Jatah Nelayan Akan Dialihkan

JAKARTA—Kementerian Kelautan dan Perikanan berencana mengalihkan jatah bahan bakar minyak bersubsidi yang selama ini diterima nelayan untuk kebutuhan lainnya pascapenaikan harga BBM yang segera diberlakukan.

Menteri Kelautan dan Perikanan Susi Pudjiastuti mengatakan selama ini pelaksanaan subsidi bahan bakar minyak (BBM) tidak tepat sasaran karena dinikmati oleh pihak yang seharusnya bukan menjadi target, sehingga seluruh pihak, termasuk nelayan diharapkan dapat mendukung kebijakan itu.

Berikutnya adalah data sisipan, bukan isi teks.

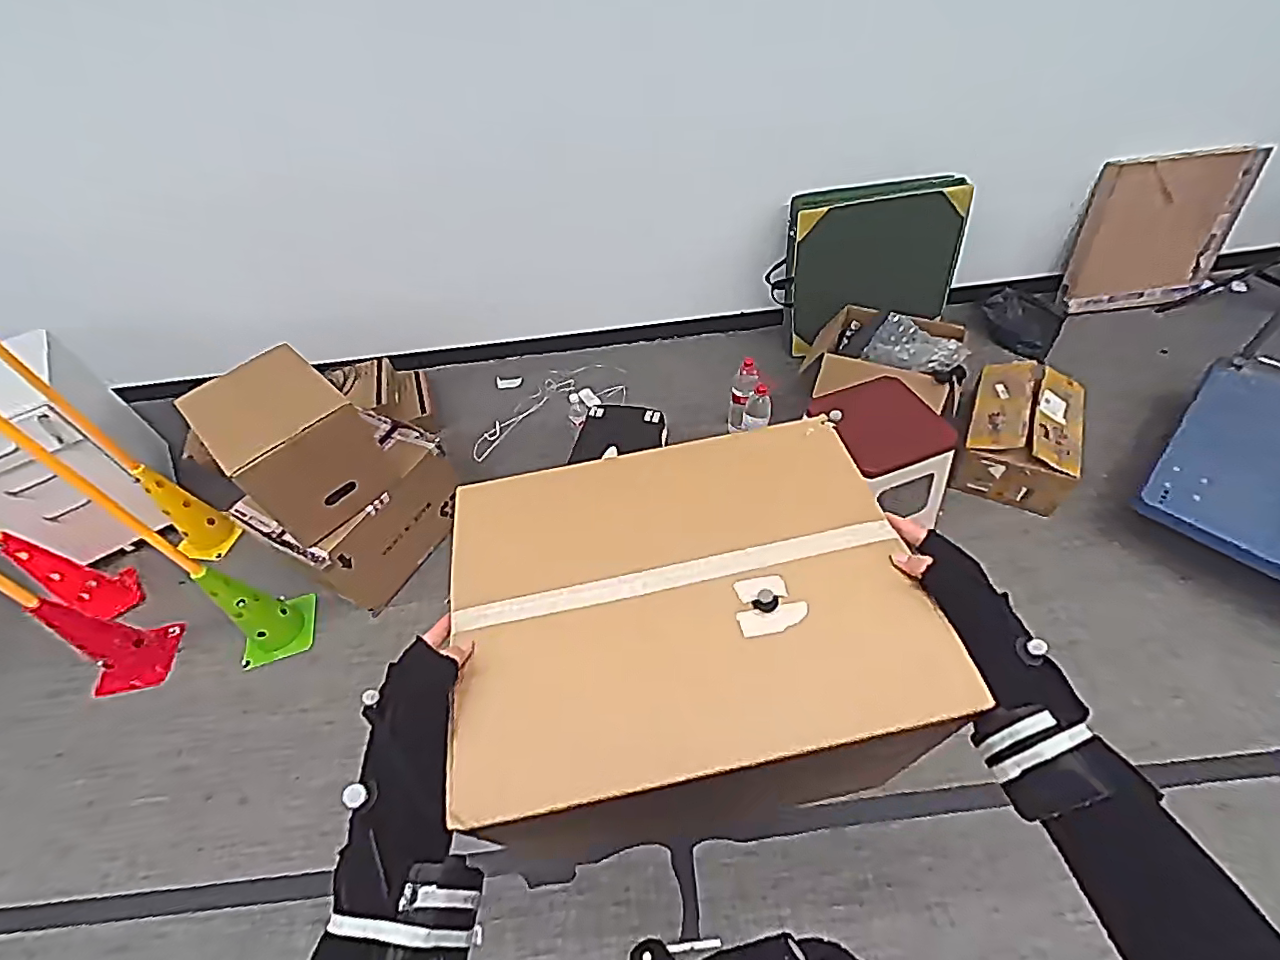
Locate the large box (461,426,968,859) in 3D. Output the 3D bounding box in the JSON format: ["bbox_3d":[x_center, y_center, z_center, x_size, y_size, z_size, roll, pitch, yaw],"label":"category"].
[{"bbox_3d":[0.045,0.187,0.612,0.408,0.320,0.320,-11,51,-3],"label":"large box"}]

“Saya akan meminta sistem diubah, kita alihkan subsidi. Kita minta uang yang tidak dipakai untuk dibuka ke yang lain. Kita bisa list apa saja yang dibutuhkan nelayan, jadi mereka bisa menikmati dalam bentuk itu,” kata Susi dalam acara Silahturahmi Bersama Kadin Indonesia, Kamis (30/10).

Menurut Susi, yang dibutuhkan nelayan adalah ketersediaan BBM setiap saat sehingga penaikan harga dinilai perlu, namun pemerintah harus menjamin pasokan BBM selalu tersedia untuk nelayan.

“Kita menghadapi masalah yang penting. Buat mereka [nelayan] yang penting solarnya ada, harga BBM naik tidak apa-apa. Kita harus setop karena subsidi tidak membantu yang berhak,” katanya.

Ketua Umum Kadin Indonesia Suryo Bambang Sulistyo mengatakan penyataan Susi sejalan dengan sikap aosiasi itu dalam tiga tahun terakhir yang mendesak penaikan harga BBM karena telah menimbulkan distorsi pada perekonomian dalam negeri.

“Ini harus disetop karena yang menikmati itu bukan yang membutuhkan. Untuk nelayan, saya kira perlu pembinaan pada awalnya,” katanya.

Tahun ini, jatah BBM bersubsidi untuk nelayan melebihi canangan awal 1,8 juta kiloliter (kl). Data Pertamina menyebutkan total penyerapan BBM bersubsidi sampai dengan Juli 2014 mencapai 1,2 juta kl dan masih tersisa 702.540 kl sampai akhir tahun ini.

Adapun jumlah kapal yang menerima BBM bersubsidi adalah kapal nelayan berukuran di bawah 30 gross tonnage (GT) dan kapal ne layan berukuran di atas 30 GT, namun tidak melebihi ukuran kapal 100 GT.

Berdasarkan data Ditjen Perikanan Tangkap KKP, selama ini BBM bersubsidi dinikmati oleh kapal di bawah 30 GT yang mencapai 391.000 unit dan 3.347 kapal di atas 30 GT, namun tidak melebihi 100 GT.

MINTA PROTEKSI

Sementara itu, Ketua Bidang Energi Sarana dan Prasarana Himpunan Nelayan Seluruh Indonesia (HNSI) Siswaryudi Heru keberatan jika pemerintah tidak memberikan proteksi kepada nelayan terkait penaikan harga BBM.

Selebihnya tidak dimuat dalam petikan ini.